Loans are charged-off against the allowance for credit losses when appropriate. Although management believes it uses the best information available to make determinations with respect to the provision for credit losses, future adjustments may be necessary if economic conditions differ from the assumptions used in making the initial determinations.

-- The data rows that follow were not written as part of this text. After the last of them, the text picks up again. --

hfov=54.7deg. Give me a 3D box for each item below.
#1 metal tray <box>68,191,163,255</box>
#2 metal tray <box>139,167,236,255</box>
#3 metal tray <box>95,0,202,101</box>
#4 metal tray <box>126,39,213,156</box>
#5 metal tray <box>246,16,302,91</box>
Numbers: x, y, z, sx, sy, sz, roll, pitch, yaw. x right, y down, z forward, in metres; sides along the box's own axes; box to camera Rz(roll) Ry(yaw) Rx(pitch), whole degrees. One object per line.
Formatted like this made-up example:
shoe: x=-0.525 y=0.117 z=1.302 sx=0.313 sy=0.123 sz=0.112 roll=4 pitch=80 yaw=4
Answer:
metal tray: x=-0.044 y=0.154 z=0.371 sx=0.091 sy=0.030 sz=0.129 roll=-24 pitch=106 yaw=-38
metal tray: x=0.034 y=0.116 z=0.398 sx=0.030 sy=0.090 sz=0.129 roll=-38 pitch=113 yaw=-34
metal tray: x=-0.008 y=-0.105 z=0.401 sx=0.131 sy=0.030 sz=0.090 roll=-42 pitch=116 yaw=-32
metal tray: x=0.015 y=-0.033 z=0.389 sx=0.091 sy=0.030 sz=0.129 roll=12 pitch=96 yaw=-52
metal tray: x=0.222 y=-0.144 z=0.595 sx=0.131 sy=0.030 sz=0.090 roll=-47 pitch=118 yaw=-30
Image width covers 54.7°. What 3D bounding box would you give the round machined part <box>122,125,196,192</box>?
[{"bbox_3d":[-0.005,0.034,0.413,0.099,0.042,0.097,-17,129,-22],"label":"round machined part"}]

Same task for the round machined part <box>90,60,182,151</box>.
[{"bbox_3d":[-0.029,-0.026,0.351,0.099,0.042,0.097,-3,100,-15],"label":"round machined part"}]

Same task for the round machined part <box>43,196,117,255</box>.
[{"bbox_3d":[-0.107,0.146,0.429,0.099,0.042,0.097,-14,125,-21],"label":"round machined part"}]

The Company made a $120,000 provision for credit losses for the quarter ended June 30, 2006 and 2005. For the quarter ended June 30, 2006, net charge-offs were $206,000 compared with net charge-offs of $115,000 for the quarter ended June 30, 2005.
Noninterest Income
The Companys primary sources of noninterest income are service charges on deposit accounts and other banking service related fees. Noninterest income does not include loan origination fees which are recognized over the life of the related loan as an adjustment to yield using the interest method. Banking related service fees include check cashing fees, official check fees, safe deposit box rent and currency handling fees. Noninterest income totaled $9.2 million for the three months ended June 30, 2006 compared with $7.9 million for the same period in 2005, an increase of $1.3 million, or 16.2%. Noninterest income increased $2.4 million, or 16.7%, to $16.8 million for the six months ended June 30, 2006 compared with $14.4 million for the same period in 2005. The changes during both periods were primarily due to an increase in net gain on sale of assets and an increase in insufficient funds charges and customer service charges which resulted from the increase in the number of accounts due to the SNB acquisition on April 1, 2006. At June 30, 2006, the acquisition added approximately 12,500 deposit accounts and over 3,500 debit cards.

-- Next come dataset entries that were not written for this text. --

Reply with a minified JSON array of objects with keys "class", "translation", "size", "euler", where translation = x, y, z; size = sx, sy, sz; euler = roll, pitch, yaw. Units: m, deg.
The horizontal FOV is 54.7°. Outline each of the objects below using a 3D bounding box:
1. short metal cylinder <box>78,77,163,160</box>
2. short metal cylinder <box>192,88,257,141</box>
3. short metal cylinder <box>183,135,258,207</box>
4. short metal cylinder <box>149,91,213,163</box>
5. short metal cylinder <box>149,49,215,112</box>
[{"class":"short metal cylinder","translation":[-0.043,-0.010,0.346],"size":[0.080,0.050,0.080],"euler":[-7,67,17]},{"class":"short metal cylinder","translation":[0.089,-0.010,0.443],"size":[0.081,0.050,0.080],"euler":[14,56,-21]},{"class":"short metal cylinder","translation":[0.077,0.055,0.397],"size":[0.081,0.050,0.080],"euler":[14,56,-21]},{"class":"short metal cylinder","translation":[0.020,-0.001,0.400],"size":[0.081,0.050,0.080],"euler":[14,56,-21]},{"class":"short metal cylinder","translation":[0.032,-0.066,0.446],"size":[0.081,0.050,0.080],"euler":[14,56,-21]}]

The net gain on sale of assets increased $386,000 to $436,000 for the three months ended June 30, 2006 compared with $50,000 for the three months ended June 30, 2005. The net gain on sale of assets increased $394,000 for the six months ended June 30, 2006 to $445,000 compared with $51,000 for the same period in 2005. Both increases were principally due to the sale of two properties during the second quarter of 2006.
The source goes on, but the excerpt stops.